Thursday, September 13, 2007

Things I Think About All Day

So I'm taking screenwriting class this semester. The whole course is centered on the goal of writing a full-length movie screenplay by December. You know, it's amazing how many horrible ideas you can come up with before thinking of a good one. Seriously, you should try this: Think of a movie you'd like to see and write a "log line," that is, a one-sentence description of it. This can usually be accomplished with this format:

"It is about ________ who ________ but _____________."

It's really that simple. You don't have to use that exact wording, but it should more or less get the same message across. Now, write out several of these, then put them away. Take them out again after one or two days have passed, read them again, and come to the realization why movies like American Pie and Saw exist.

I chose to write a superhero themed comedy that I'm sure will go nowhere, but it was probably the least lame idea I had. Here are a few others:

Searching for the Prince: A married couple falls for an email advance fee scam, and travels across the world to track down the culprit personally.

Hair Destruction: As a result of a bad haircut, a teenage boy's hair comes to life and begins devouring people while the boy remains unaware (loosely based on my brother's life).

The Ultimate Movie: Spider-Man pays a visit to Hogwarts, where he and Harry Potter must face off against X-Men's Juggernaut, who has joined forces with the Venom symbiote (this one actually came to me in a dream).

I really wish I was kidding, folks. The film industry isn't creatively bankrupt, it's just that most movie ideas are much, much worse than what actually gets made.

Thursday, September 6, 2007

Dragon*Con 2007

Hey everybody, sorry about last week's absence. But I hope to make up for it this week, because I had a real adventure on Sunday: My brother, our friend Scott, and I went to Dragon*Con in downtown Atlanta. For those of you unfamiliar with Dragon*Con, it's basically a yearly event where the nerds of the Southeast get together to celebrate their nerdiness...nerd-dom...nerdocity...yeah, I like that one. Let's call it nerdocity. Anyway, this is one of the few places where being called a geek is complimentary, and gratuitous nudity is not only accepted, but encouraged. You couldn't walk ten feet without practically being flashed by a vampiress or alien chick. There might as well have been a sign out front saying, "Welcome to Dragon*Con! Ladies may get naked at the door."

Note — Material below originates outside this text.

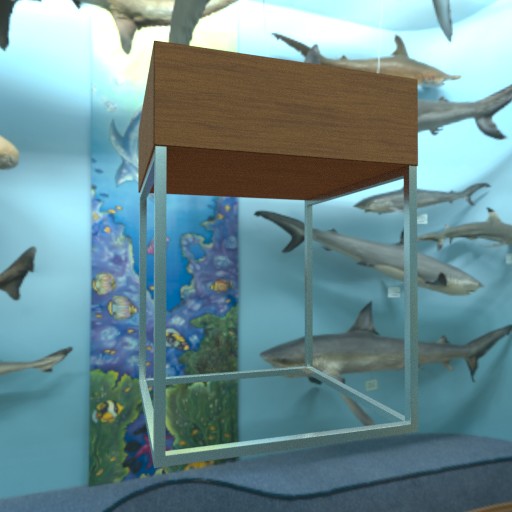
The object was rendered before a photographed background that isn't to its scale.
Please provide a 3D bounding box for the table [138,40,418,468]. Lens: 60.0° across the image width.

On a different note, I brought back interesting photos from the convention (no, they're not of naked aliens and vampires, you pervert) that I hope you'll enjoy.

Jim's Dragon*Con 2007 Photos

This is one of the first things we saw at the 'Con. This big guy had a sign attached to it with a disturbingly appropriate ad for a blood drive.

That handsome devil on the left is a sand person from Star Wars. I'm not sure how that creepy guy on the right got past security, though.

There were a bunch of these guys at a booth at one of the hotels. They actually worked, too! I still just can't figure out how anybody could understand what they were saying in the Star Wars movies.

Ah, yes. Nothing quite gets you into the Christmas spirit like Cthulhu, the evil monster who will one day destroy us all.

This is Scott with one of Darth Vader's lesser-known soldiers: The Kilt Trooper.

Heck yeah! No toy collection would be complete without Lost's official Hurley action figure. It even comes with his winning lottery ticket!

Without a doubt, this man had the best costume at Dragon*Con. Meet the Home Depot cardboard box robot! Watch out for the creepy guy on the left! You don't want to know what he did to the sand person!